Wright described the effects of the crisis as “short-term pain for long-term gain”, arguing that the US is “destroying” Iran’s ability to threaten the energy market.

Last week, Trump suggested that the US Navy would escort ships through the Gulf, but Wright said on Thursday that the move “can’t happen now”.

“We’re simply not ready. All of our military assets right now are focused on destroying Iran’s offensive capabilities and the manufacturing industry that supplies their offensive capabilities,” the energy secretary said.

“We don’t want this to be a brush-off for a year or two. We want to permanently destroy their ability to build missiles, to build roads, to have a nuclear programme.”

His comments came as Iran’s new supreme leader, Mojtaba Khamenei, affirmed in his first public comment since being selected to succeed his assassinated father, Ali Khamenei, that the Strait of Hormuz should remain closed during the war.

“The will of the people is to continue effective and deterrent defence,” Khamenei said in a written statement. “The tactic of closing the Strait of Hormuz must also continue to be used.”

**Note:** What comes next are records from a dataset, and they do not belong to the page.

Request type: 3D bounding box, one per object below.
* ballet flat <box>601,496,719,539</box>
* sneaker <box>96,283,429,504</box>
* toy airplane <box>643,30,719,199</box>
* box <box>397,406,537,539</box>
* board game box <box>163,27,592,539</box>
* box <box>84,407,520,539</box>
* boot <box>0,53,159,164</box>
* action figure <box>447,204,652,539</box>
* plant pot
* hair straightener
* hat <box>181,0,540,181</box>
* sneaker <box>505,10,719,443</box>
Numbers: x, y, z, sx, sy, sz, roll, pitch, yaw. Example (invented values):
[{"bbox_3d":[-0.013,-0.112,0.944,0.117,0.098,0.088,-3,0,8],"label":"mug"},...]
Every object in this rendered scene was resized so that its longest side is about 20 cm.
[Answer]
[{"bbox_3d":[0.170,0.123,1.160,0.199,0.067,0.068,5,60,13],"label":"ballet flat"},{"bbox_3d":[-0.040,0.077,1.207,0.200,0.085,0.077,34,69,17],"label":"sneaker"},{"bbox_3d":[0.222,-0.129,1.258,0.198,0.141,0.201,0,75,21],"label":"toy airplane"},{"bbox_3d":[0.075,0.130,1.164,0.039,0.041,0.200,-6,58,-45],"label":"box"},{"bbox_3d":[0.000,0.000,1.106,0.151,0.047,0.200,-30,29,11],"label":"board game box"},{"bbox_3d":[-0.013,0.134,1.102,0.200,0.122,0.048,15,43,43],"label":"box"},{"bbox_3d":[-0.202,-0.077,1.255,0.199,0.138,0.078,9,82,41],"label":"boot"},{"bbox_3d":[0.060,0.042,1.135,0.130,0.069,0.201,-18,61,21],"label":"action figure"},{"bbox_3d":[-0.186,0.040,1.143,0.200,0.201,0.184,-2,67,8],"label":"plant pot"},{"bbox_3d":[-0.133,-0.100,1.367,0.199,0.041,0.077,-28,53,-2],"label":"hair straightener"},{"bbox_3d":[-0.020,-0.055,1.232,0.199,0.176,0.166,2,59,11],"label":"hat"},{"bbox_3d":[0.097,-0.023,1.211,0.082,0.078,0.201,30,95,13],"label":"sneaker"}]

The Iranian military has said it would “welcome” the US Navy escorting oil ships, suggesting it is prepared to strike US forces in the narrow waterway.

On Wednesday, three commercial vessels were attacked near the strait.

Wright announced earlier this week on social media that the US Navy had escorted an oil ship through the strait, then quickly deleted the post. The White House subsequently confirmed that the claim was not true.

It is not clear why the statement was released and then retracted.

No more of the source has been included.